Your assignment> From the first line to the last, transcribe the data exactly and skip the pictures.

*** Provided records Section Begins ***

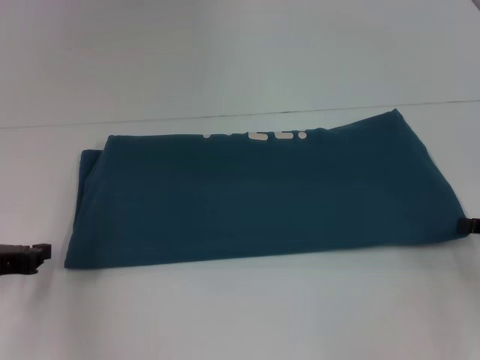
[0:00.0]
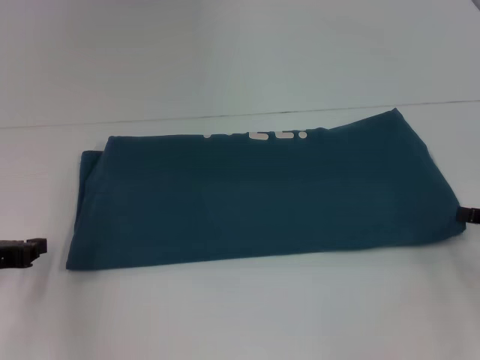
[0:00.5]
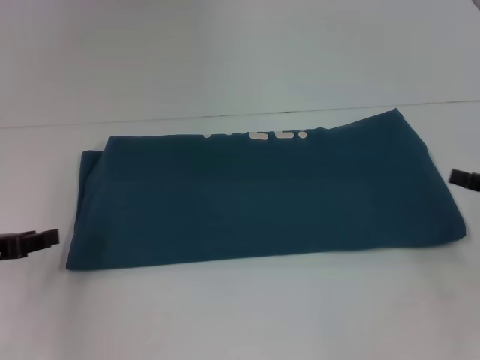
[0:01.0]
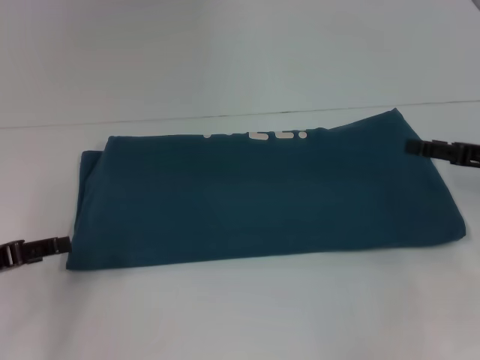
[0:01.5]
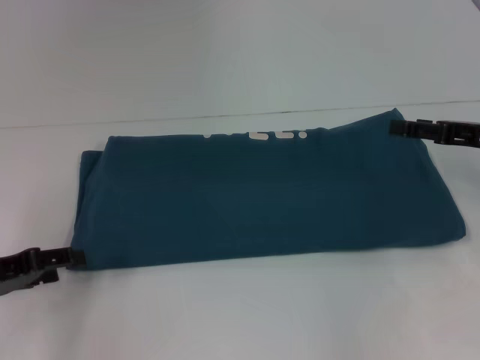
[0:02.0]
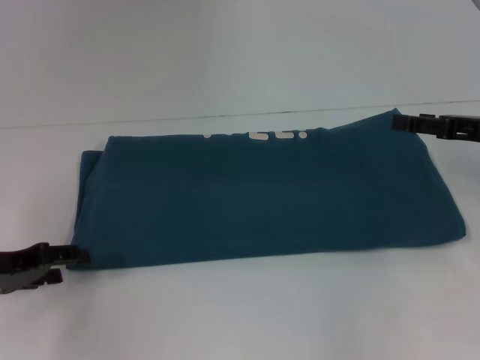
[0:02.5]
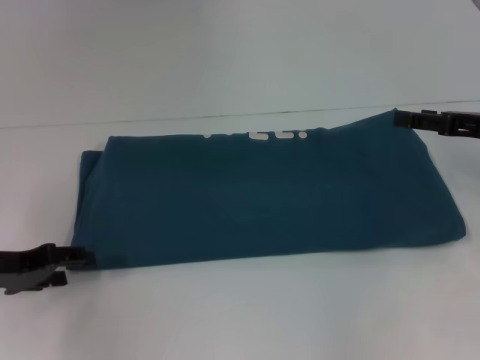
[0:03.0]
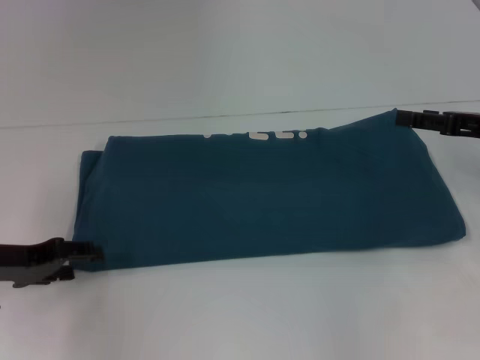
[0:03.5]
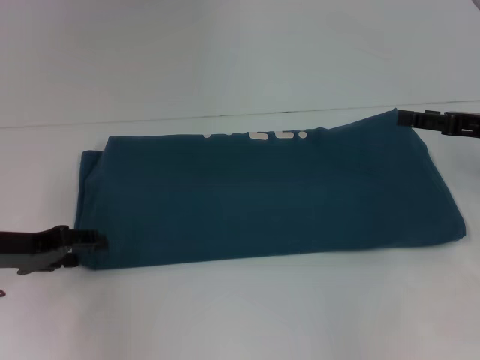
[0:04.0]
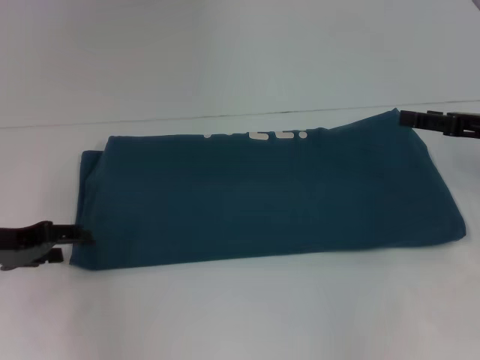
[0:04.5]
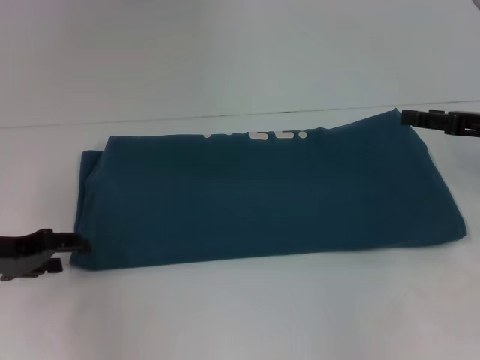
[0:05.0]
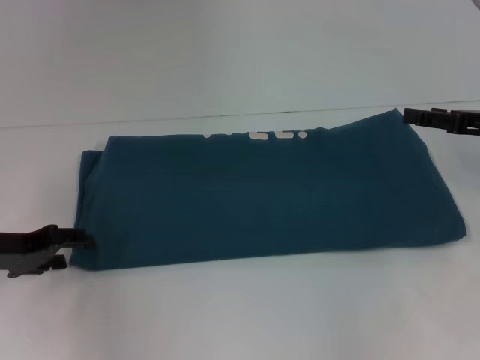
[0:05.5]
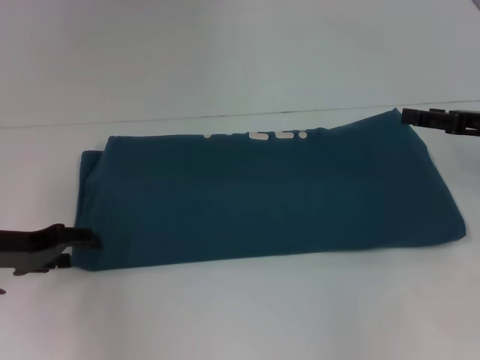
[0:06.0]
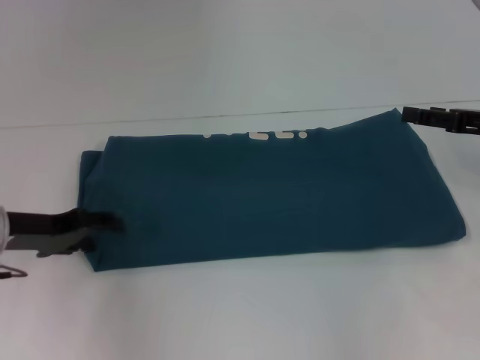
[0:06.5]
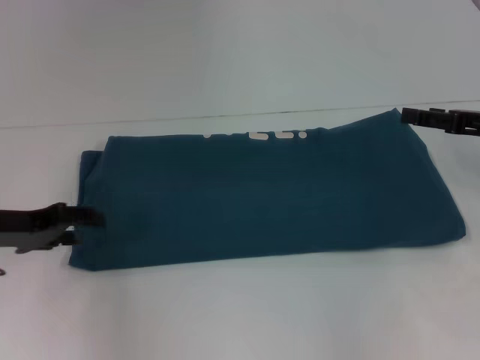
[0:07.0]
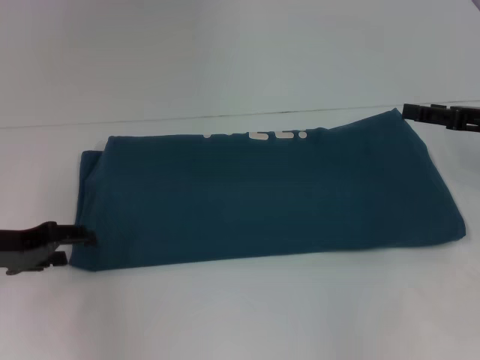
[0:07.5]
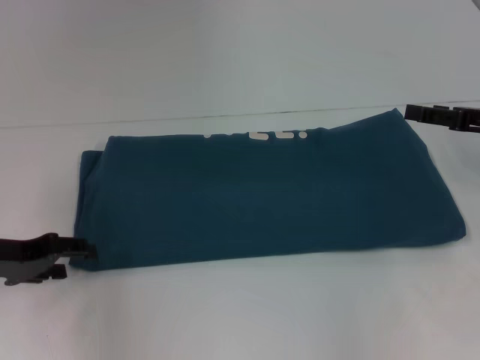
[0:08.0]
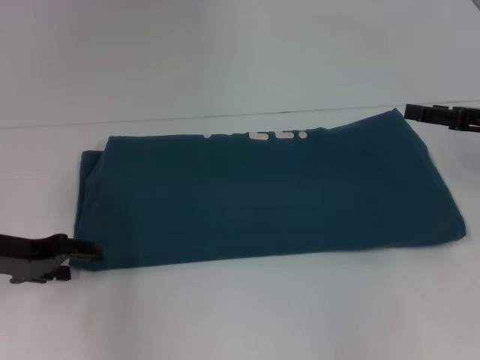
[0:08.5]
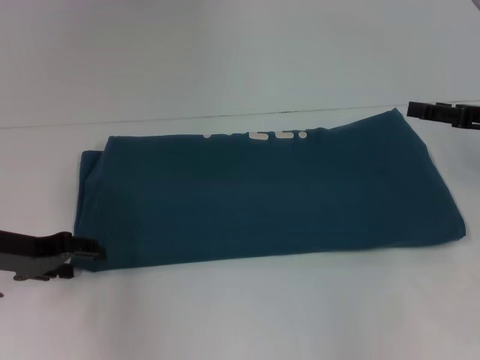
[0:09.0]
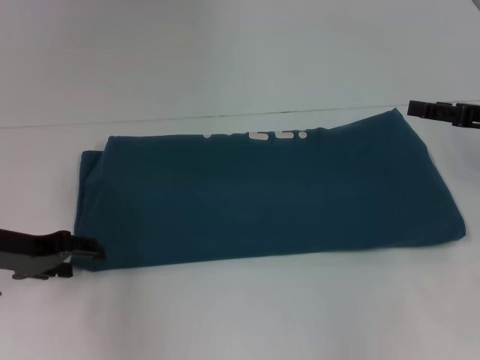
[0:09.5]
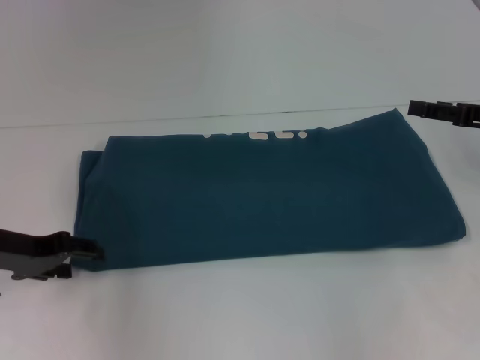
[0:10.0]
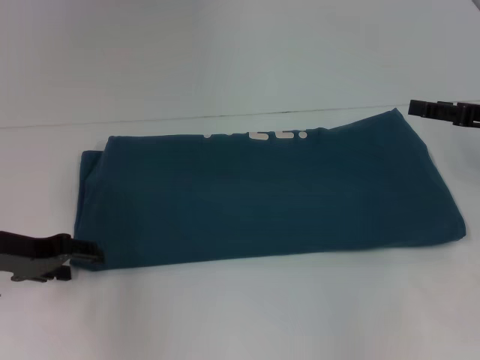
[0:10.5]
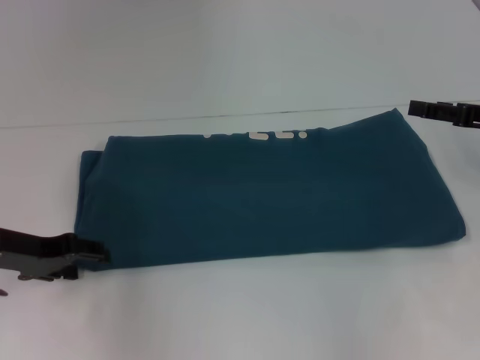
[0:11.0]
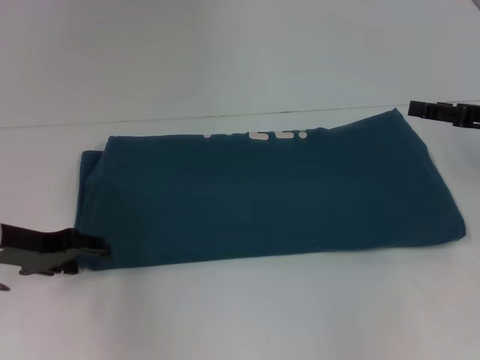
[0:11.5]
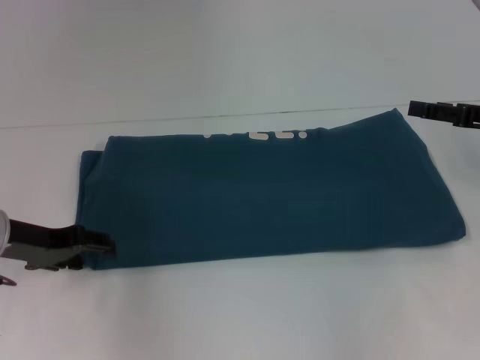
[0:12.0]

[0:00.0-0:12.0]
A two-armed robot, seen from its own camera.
0:00.0 to 0:02.0: The right gripper shifts approximately 10 cm forward and upward, and opens its fingers, while the left gripper opens its fingers.
0:02.0 to 0:04.0: The grippers make only small movements.
0:06.0 to 0:12.0: The grippers move only a little.

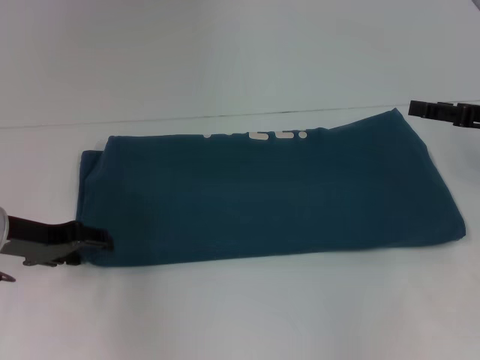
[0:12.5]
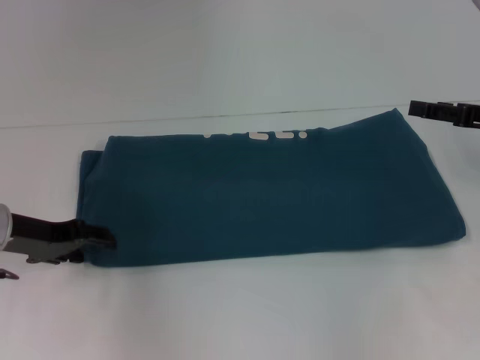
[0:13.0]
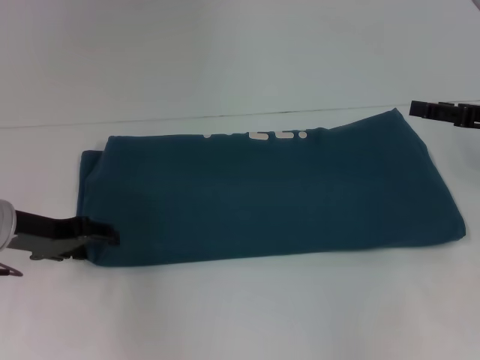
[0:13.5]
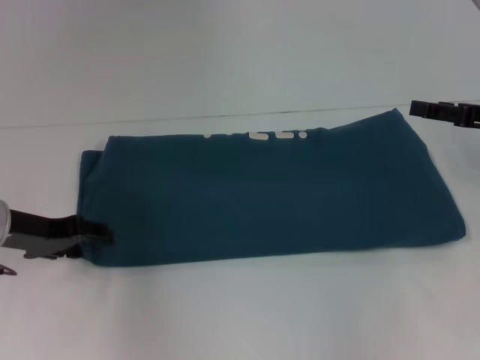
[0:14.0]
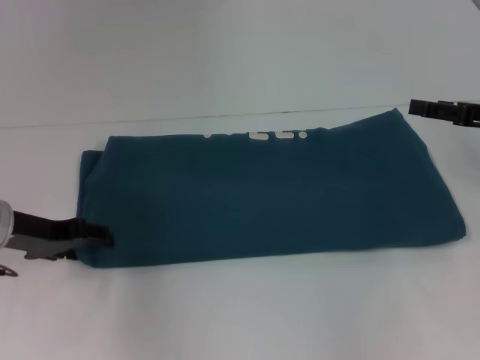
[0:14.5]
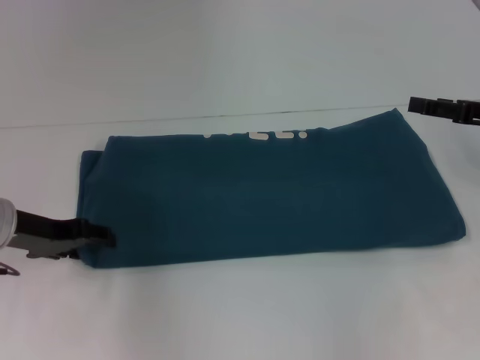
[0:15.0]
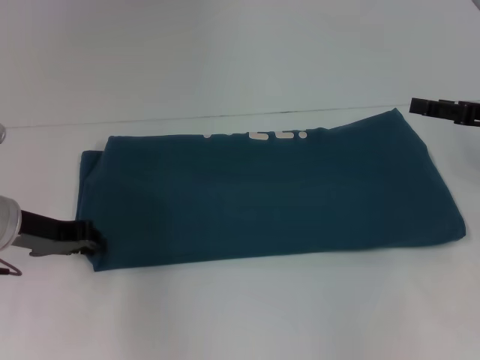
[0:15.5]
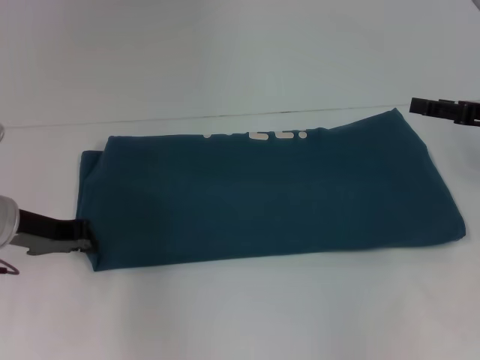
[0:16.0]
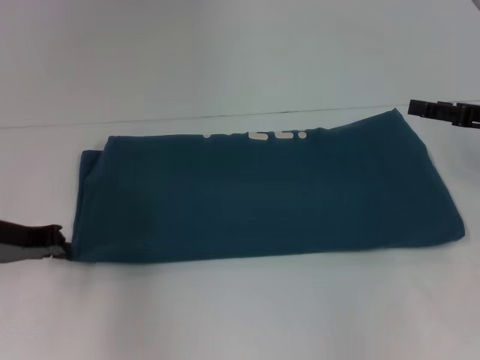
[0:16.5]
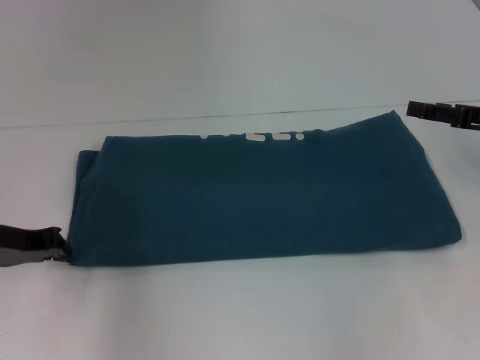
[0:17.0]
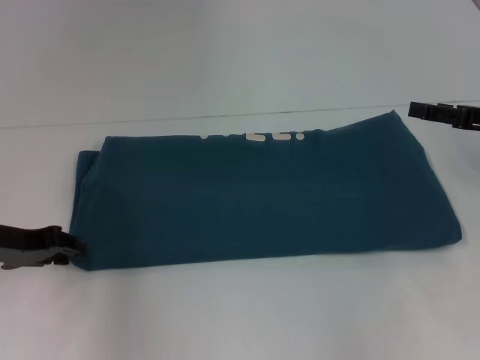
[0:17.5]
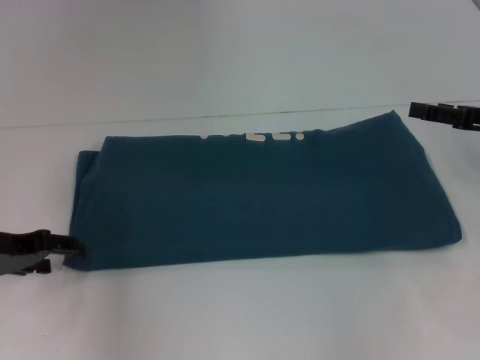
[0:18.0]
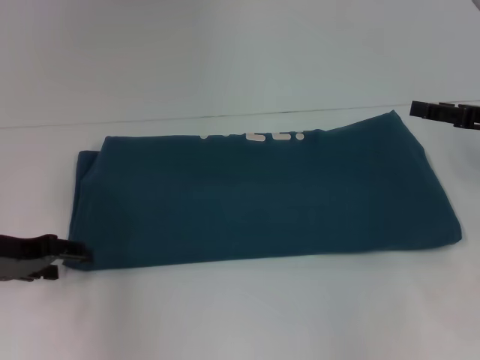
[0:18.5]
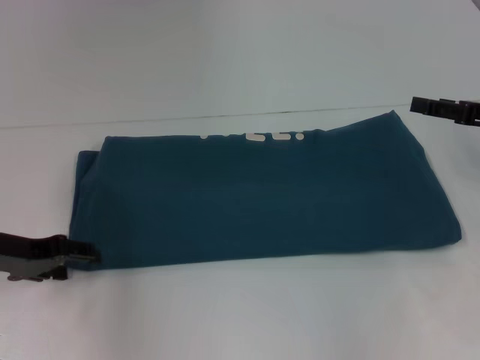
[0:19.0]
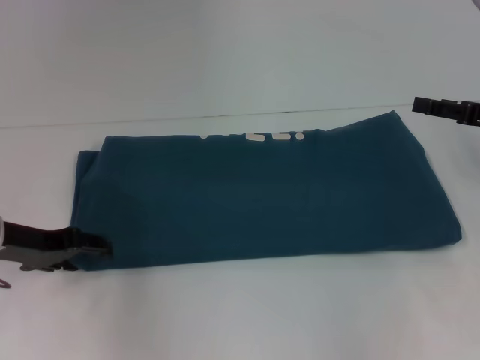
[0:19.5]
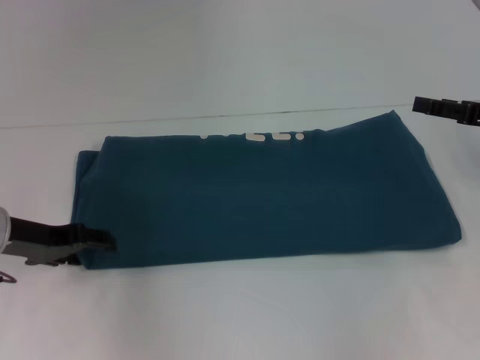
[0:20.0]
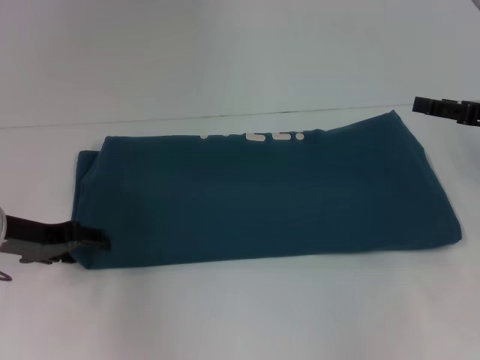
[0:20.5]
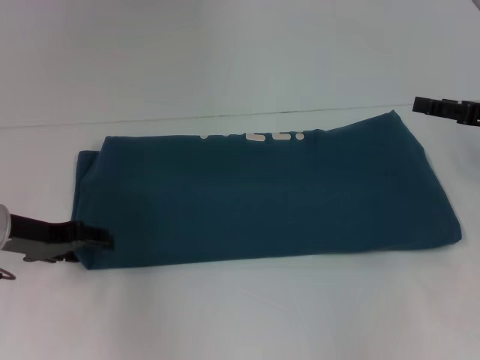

*** Provided records Section Ends ***

Reply>
[0:00.0]
[0:00.5]
[0:01.0]
[0:01.5]
[0:02.0]
[0:02.5]
[0:03.0]
[0:03.5]
[0:04.0]
[0:04.5]
[0:05.0]
[0:05.5]
[0:06.0]
[0:06.5]
[0:07.0]
[0:07.5]
[0:08.0]
[0:08.5]
[0:09.0]
[0:09.5]
[0:10.0]
[0:10.5]
[0:11.0]
[0:11.5]
[0:12.0]

[0:00.0-0:12.0]
A two-armed robot, seen from its own camera.
0:00.0 to 0:02.0: The right gripper shifts approximately 10 cm forward and upward, and opens its fingers, while the left gripper opens its fingers.
0:02.0 to 0:04.0: The grippers make only small movements.
0:06.0 to 0:12.0: The grippers move only a little.

[0:12.5]
[0:13.0]
[0:13.5]
[0:14.0]
[0:14.5]
[0:15.0]
[0:15.5]
[0:16.0]
[0:16.5]
[0:17.0]
[0:17.5]
[0:18.0]
[0:18.5]
[0:19.0]
[0:19.5]
[0:20.0]
[0:20.5]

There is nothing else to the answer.